Saving the dataset (0/1 shards):   0%|          | 0/41115 [00:00<?, ? examples/s]

Saving the dataset (0/1 shards):   0%|          | 0/10279 [00:00<?, ? examples/s]

Saving the dataset (0/1 shards):   0%|          | 0/16052 [00:00<?, ? examples/s]

In [4]:
import librosa

def preprocess_audio(audio_path):
        sample_rate = 32000
        audio, sr = librosa.load(audio_path, sr=sample_rate, mono=True)
        
        if len(audio) > 32000:
            start = (len(audio) - 32000) // 2
            audio = audio[start:start + 32000]
        elif len(audio) < 32000:
            audio = np.pad(audio, (0, 32000 - len(audio)), mode='constant')
        
        audio_tensor = tf.convert_to_tensor(audio, dtype=tf.float32)
        
        stft = tf.signal.stft(audio_tensor, frame_length=2048, frame_step=512, fft_length=2048)
        spectrogram = tf.abs(stft)
        
        num_spectrogram_bins = spectrogram.shape[-1]
        lower_edge_hertz, upper_edge_hertz = 80.0, 7600.0
        num_mel_bins = 128
        linear_to_mel_weight_matrix = tf.signal.linear_to_mel_weight_matrix(
            num_mel_bins, num_spectrogram_bins, sample_rate, 
            lower_edge_hertz, upper_edge_hertz
        )
        mel_spectrogram = tf.tensordot(spectrogram, linear_to_mel_weight_matrix, 1)
        mel_spectrogram.set_shape(spectrogram.shape[:-1].concatenate(
            linear_to_mel_weight_matrix.shape[-1:]))
        
        log_mel_spectrogram = tf.math.log(mel_spectrogram + 1e-6)
        
        spectrogram = log_mel_spectrogram.numpy().T
        
        spectrogram = spectrogram[..., np.newaxis]
        
        spectrogram_resized = tf.image.resize(spectrogram, [224, 224], method='bilinear').numpy()
        
        spectrogram_3ch = np.repeat(spectrogram_resized, 3, axis=-1)
        
        spec_min = spectrogram_3ch.min()
        spec_max = spectrogram_3ch.max()
        spectrogram_3ch = (spectrogram_3ch - spec_min) / (spec_max - spec_min + 1e-8)
        
        return spectrogram_3ch.astype(np.float32)

In [5]:
# Load birdset_model.h5
model = tf.keras.models.load_model('birdset_model.h5')
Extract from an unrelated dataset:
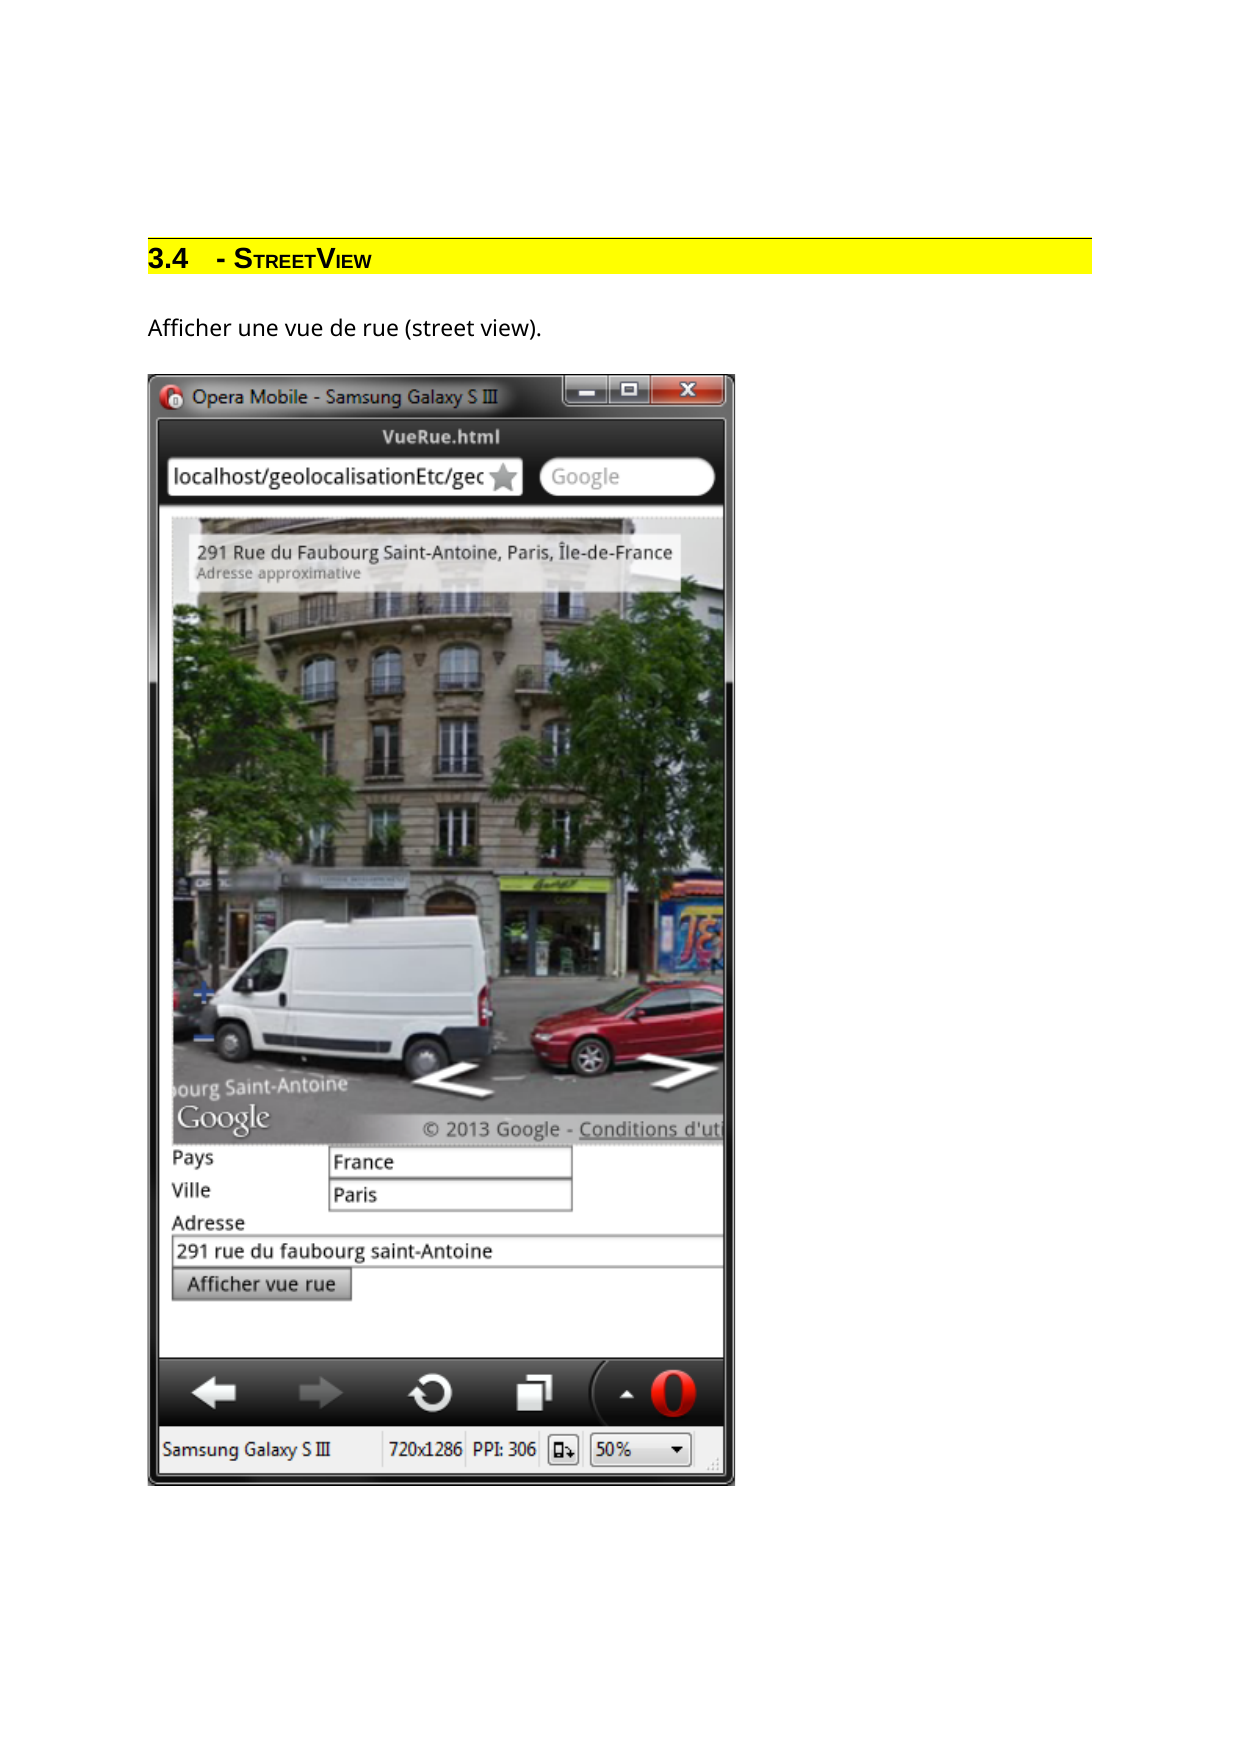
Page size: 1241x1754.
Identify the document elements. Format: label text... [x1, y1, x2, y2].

subtitle - StreetView [148, 239, 1092, 274]
text Afficher une vue de rue (street view). [148, 312, 1092, 343]
picture [147, 374, 736, 1486]

def predict(audio_path, top_k=5):
    spectrogram = preprocess_audio(audio_path)
    spectrogram = np.expand_dims(spectrogram, axis=0)  # Add batch dimension
    predictions = model.predict(spectrogram)
    top_indices = np.argsort(predictions[0])[-top_k:][::-1]
    top_probs = predictions[0][top_indices]
    int2str = dm.train_dataset.features['labels'].int2str
    
    results = [(int2str(int(idx)), float(prob)) for idx, prob in zip(top_indices, top_probs)]
    return results

In [6]:
predictions = predict("./XC180282 - Northern Cardinal - Cardinalis cardinalis.mp3")

print(predictions)

  from pkg_resources import resource_filename


[('norcar', 0.872824490070343), ('amerob', 0.1103929653763771), ('comrav', 0.015611249022185802), ('bnhcow', 0.0007253950461745262), ('swathr', 0.0004327567294239998)]